What the task requires:
Reproduce only the top of the records, down to and including the line containing "list de instantie".

##############################

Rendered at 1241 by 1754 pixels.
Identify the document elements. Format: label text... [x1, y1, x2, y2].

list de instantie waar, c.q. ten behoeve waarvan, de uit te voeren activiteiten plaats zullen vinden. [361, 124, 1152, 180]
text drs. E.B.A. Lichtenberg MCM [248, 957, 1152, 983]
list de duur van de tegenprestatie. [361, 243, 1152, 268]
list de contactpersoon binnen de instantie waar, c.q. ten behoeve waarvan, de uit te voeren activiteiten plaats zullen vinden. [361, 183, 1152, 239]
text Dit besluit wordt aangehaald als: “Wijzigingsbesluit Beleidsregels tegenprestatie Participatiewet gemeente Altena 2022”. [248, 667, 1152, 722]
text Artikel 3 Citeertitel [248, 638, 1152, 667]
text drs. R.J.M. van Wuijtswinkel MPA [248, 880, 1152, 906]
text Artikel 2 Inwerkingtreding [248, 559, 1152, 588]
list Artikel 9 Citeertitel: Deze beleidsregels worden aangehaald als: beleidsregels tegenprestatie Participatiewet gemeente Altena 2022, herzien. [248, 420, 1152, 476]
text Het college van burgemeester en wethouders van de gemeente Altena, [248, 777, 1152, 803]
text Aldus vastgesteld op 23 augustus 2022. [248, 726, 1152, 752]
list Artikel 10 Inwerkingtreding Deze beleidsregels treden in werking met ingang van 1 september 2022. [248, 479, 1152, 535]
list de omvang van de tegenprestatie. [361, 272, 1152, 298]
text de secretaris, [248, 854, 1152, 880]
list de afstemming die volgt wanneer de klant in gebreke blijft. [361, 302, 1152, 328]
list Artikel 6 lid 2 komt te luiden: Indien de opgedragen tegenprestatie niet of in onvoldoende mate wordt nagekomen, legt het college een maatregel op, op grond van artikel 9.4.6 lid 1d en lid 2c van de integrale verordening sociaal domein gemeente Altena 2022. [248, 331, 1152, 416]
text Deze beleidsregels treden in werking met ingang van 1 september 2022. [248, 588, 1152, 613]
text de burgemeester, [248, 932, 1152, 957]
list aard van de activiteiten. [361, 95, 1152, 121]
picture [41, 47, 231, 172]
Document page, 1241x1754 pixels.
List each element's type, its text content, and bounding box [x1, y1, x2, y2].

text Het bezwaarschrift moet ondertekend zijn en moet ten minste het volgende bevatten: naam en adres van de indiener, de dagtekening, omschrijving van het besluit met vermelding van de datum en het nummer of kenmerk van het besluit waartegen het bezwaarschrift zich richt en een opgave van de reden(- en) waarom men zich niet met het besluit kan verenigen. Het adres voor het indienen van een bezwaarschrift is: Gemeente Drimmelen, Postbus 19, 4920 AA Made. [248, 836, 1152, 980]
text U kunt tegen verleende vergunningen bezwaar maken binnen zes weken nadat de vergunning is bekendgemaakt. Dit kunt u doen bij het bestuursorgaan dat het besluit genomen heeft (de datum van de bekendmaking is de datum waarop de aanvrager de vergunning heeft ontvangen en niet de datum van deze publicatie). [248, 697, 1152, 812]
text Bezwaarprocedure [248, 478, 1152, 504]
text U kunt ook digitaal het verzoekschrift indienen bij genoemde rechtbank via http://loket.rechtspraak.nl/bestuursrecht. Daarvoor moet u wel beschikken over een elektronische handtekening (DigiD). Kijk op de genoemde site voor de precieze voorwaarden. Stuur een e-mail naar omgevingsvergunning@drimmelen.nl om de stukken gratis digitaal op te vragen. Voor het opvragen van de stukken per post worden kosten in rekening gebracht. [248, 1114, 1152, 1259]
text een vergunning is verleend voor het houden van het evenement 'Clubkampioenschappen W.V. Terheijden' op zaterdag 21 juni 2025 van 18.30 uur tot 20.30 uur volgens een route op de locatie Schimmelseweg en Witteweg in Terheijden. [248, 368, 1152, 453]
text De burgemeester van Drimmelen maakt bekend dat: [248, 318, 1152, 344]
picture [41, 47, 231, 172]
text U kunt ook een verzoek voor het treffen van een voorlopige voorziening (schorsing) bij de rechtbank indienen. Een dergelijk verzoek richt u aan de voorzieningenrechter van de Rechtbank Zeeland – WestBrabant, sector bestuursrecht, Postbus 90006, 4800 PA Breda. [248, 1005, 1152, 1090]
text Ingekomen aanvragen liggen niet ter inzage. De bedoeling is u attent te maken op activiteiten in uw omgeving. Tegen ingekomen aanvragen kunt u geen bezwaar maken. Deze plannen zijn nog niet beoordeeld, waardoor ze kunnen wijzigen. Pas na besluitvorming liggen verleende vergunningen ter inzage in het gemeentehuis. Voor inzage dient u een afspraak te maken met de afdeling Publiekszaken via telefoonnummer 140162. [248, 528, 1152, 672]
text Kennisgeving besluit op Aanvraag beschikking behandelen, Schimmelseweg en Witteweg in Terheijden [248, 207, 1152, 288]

##############################

Solution below:
Rendered at 1241 by 1754 pixels.
Identify the document elements. Format: label text... [x1, y1, x2, y2].

list de instantie waar, c.q. ten behoeve waarvan, de uit te voeren activiteiten plaats zullen vinden. [361, 124, 1152, 180]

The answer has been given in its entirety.